WORK TO BE COMPLETED:
Only the lines holding the string "greater" are needed; copy each of them from the data.

DATA FOR ANALYSIS:

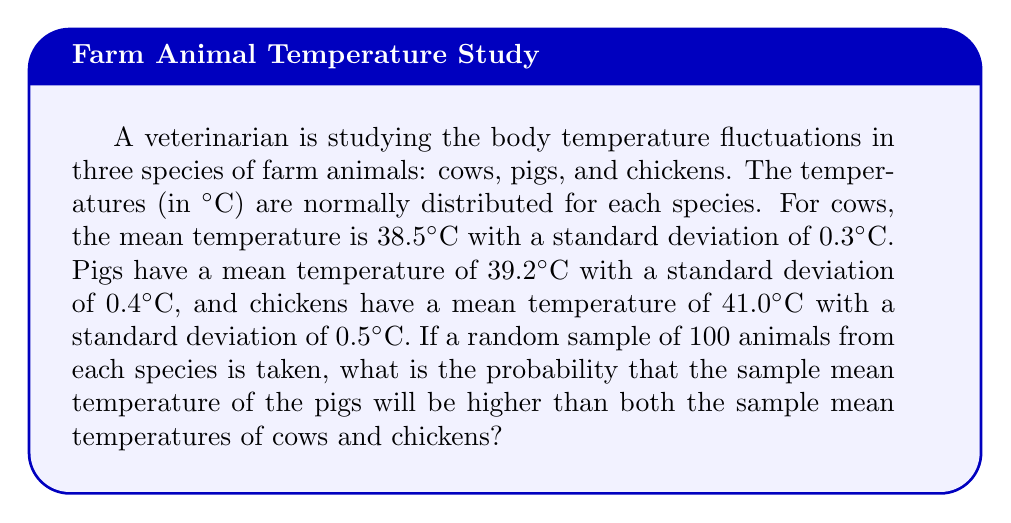Provide a solution to this math problem. To solve this problem, we need to follow these steps:

1) First, recall that for a normal distribution, the sampling distribution of the mean is also normal, with the same mean but a standard deviation reduced by a factor of $\sqrt{n}$, where $n$ is the sample size.

2) For each species, calculate the standard error of the mean:

   Cows: $SE_c = \frac{0.3}{\sqrt{100}} = 0.03$
   Pigs: $SE_p = \frac{0.4}{\sqrt{100}} = 0.04$
   Chickens: $SE_{ch} = \frac{0.5}{\sqrt{100}} = 0.05$

3) Now, we need to find the probability that the pig sample mean is greater than both the cow and chicken sample means. Let's call these events A and B respectively:

   A: Pig mean > Cow mean
   B: Pig mean > Chicken mean

4) For event A:
   $Z_A = \frac{(39.2 - 38.5)}{\sqrt{0.04^2 + 0.03^2}} = \frac{0.7}{0.05} = 14$

5) For event B:
   $Z_B = \frac{(39.2 - 41.0)}{\sqrt{0.04^2 + 0.05^2}} = \frac{-1.8}{0.0641} = -28.08$

6) The probability of A is $P(A) = 1 - \Phi(14) \approx 1$, where $\Phi$ is the standard normal cumulative distribution function.

7) The probability of B is $P(B) = \Phi(-28.08) \approx 0$

8) The probability we're looking for is $P(A \cap B) = P(A) \times P(B)$ (assuming independence), which is approximately 0.
Answer: $\approx 0$ 
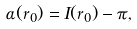<formula> <loc_0><loc_0><loc_500><loc_500>\alpha ( r _ { 0 } ) = I ( r _ { 0 } ) - \pi ,</formula> 
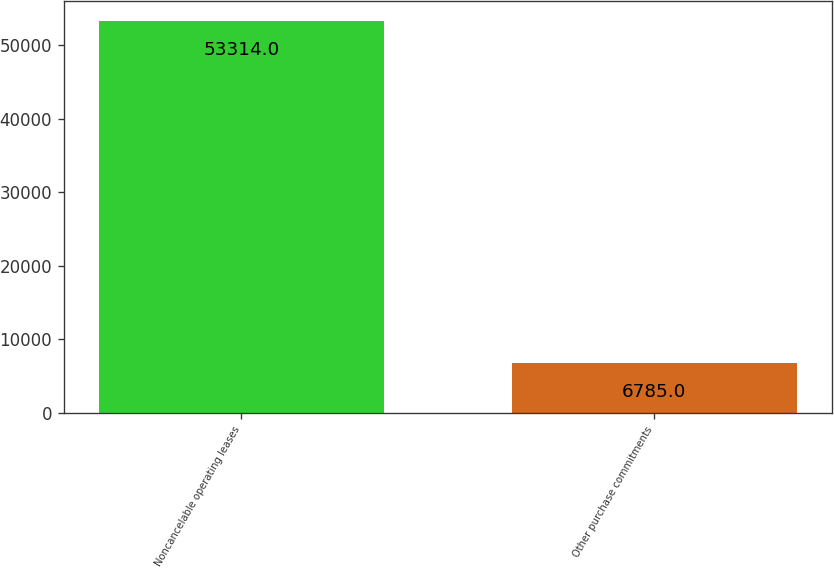Convert chart to OTSL. <chart><loc_0><loc_0><loc_500><loc_500><bar_chart><fcel>Noncancelable operating leases<fcel>Other purchase commitments<nl><fcel>53314<fcel>6785<nl></chart> 
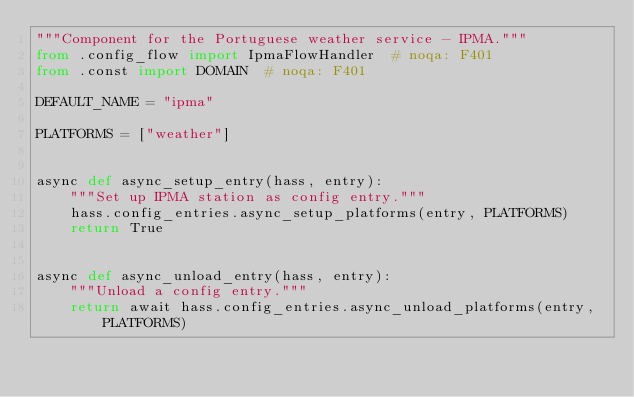<code> <loc_0><loc_0><loc_500><loc_500><_Python_>"""Component for the Portuguese weather service - IPMA."""
from .config_flow import IpmaFlowHandler  # noqa: F401
from .const import DOMAIN  # noqa: F401

DEFAULT_NAME = "ipma"

PLATFORMS = ["weather"]


async def async_setup_entry(hass, entry):
    """Set up IPMA station as config entry."""
    hass.config_entries.async_setup_platforms(entry, PLATFORMS)
    return True


async def async_unload_entry(hass, entry):
    """Unload a config entry."""
    return await hass.config_entries.async_unload_platforms(entry, PLATFORMS)
</code> 
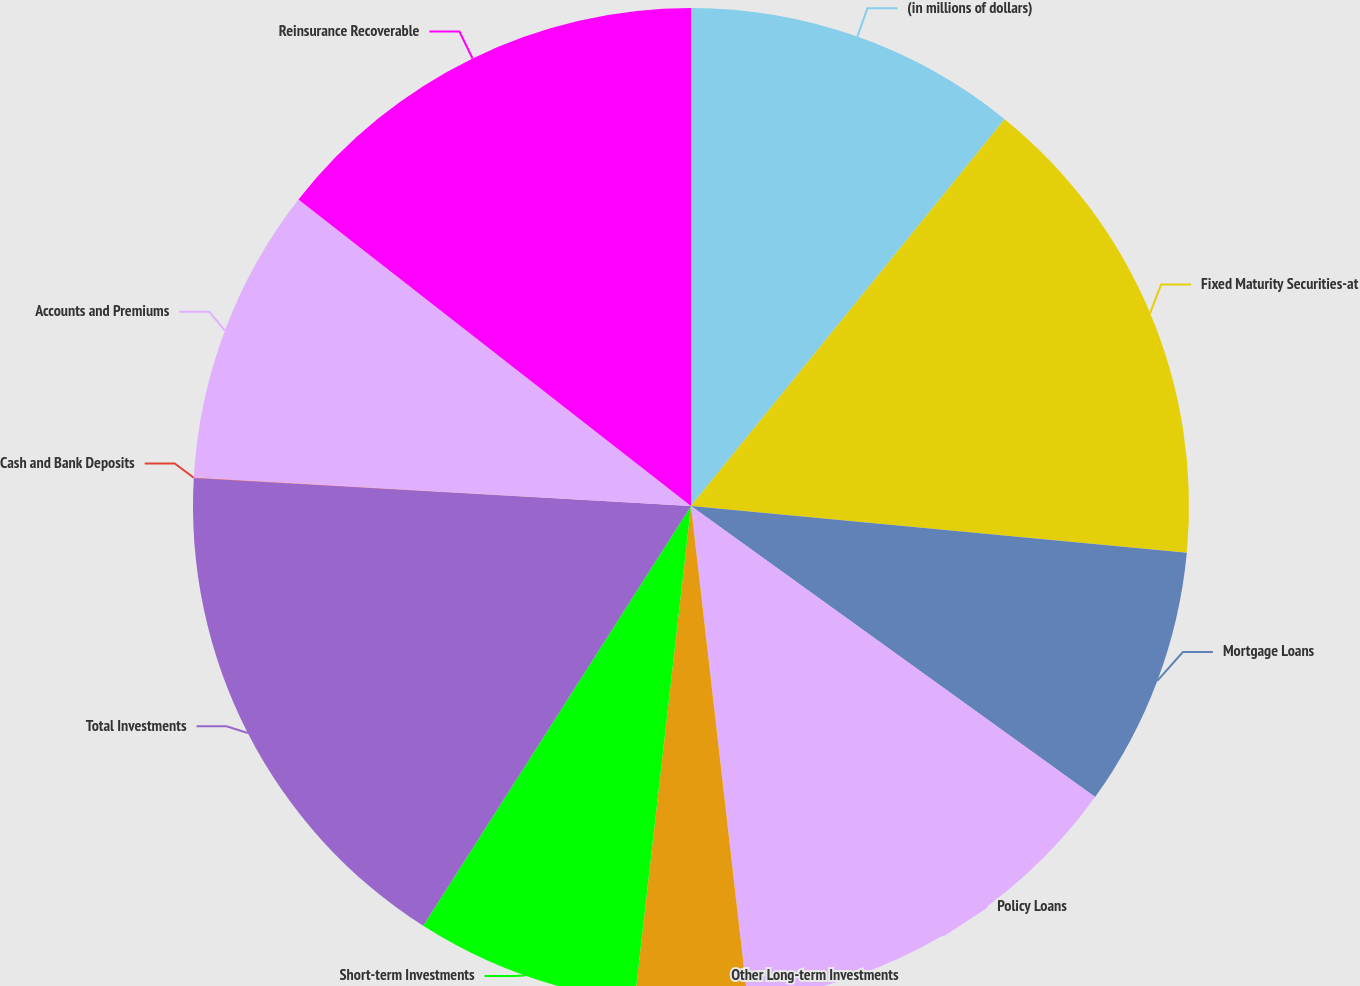Convert chart to OTSL. <chart><loc_0><loc_0><loc_500><loc_500><pie_chart><fcel>(in millions of dollars)<fcel>Fixed Maturity Securities-at<fcel>Mortgage Loans<fcel>Policy Loans<fcel>Other Long-term Investments<fcel>Short-term Investments<fcel>Total Investments<fcel>Cash and Bank Deposits<fcel>Accounts and Premiums<fcel>Reinsurance Recoverable<nl><fcel>10.84%<fcel>15.65%<fcel>8.44%<fcel>13.25%<fcel>3.62%<fcel>7.23%<fcel>16.86%<fcel>0.01%<fcel>9.64%<fcel>14.45%<nl></chart> 
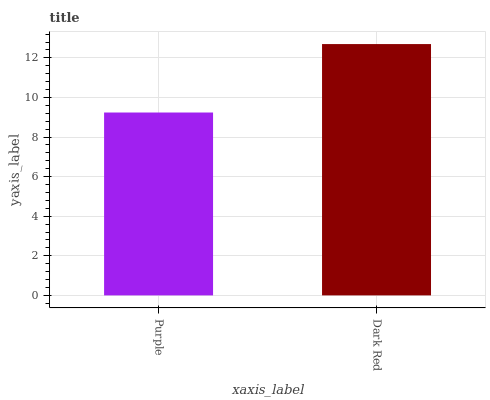Is Purple the minimum?
Answer yes or no. Yes. Is Dark Red the maximum?
Answer yes or no. Yes. Is Dark Red the minimum?
Answer yes or no. No. Is Dark Red greater than Purple?
Answer yes or no. Yes. Is Purple less than Dark Red?
Answer yes or no. Yes. Is Purple greater than Dark Red?
Answer yes or no. No. Is Dark Red less than Purple?
Answer yes or no. No. Is Dark Red the high median?
Answer yes or no. Yes. Is Purple the low median?
Answer yes or no. Yes. Is Purple the high median?
Answer yes or no. No. Is Dark Red the low median?
Answer yes or no. No. 
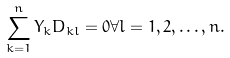<formula> <loc_0><loc_0><loc_500><loc_500>\sum _ { k = 1 } ^ { n } Y _ { k } D _ { k l } = 0 \forall l = 1 , 2 , \dots , n .</formula>

YOUR RESPONSE:
3) Now, we need to find the probability that the pig sample mean is greater than both the cow and chicken sample means. Let's call these events A and B respectively:
Answer yes or no. No. Is Dark Red greater than Purple?
Answer yes or no. Yes. Is Purple greater than Dark Red?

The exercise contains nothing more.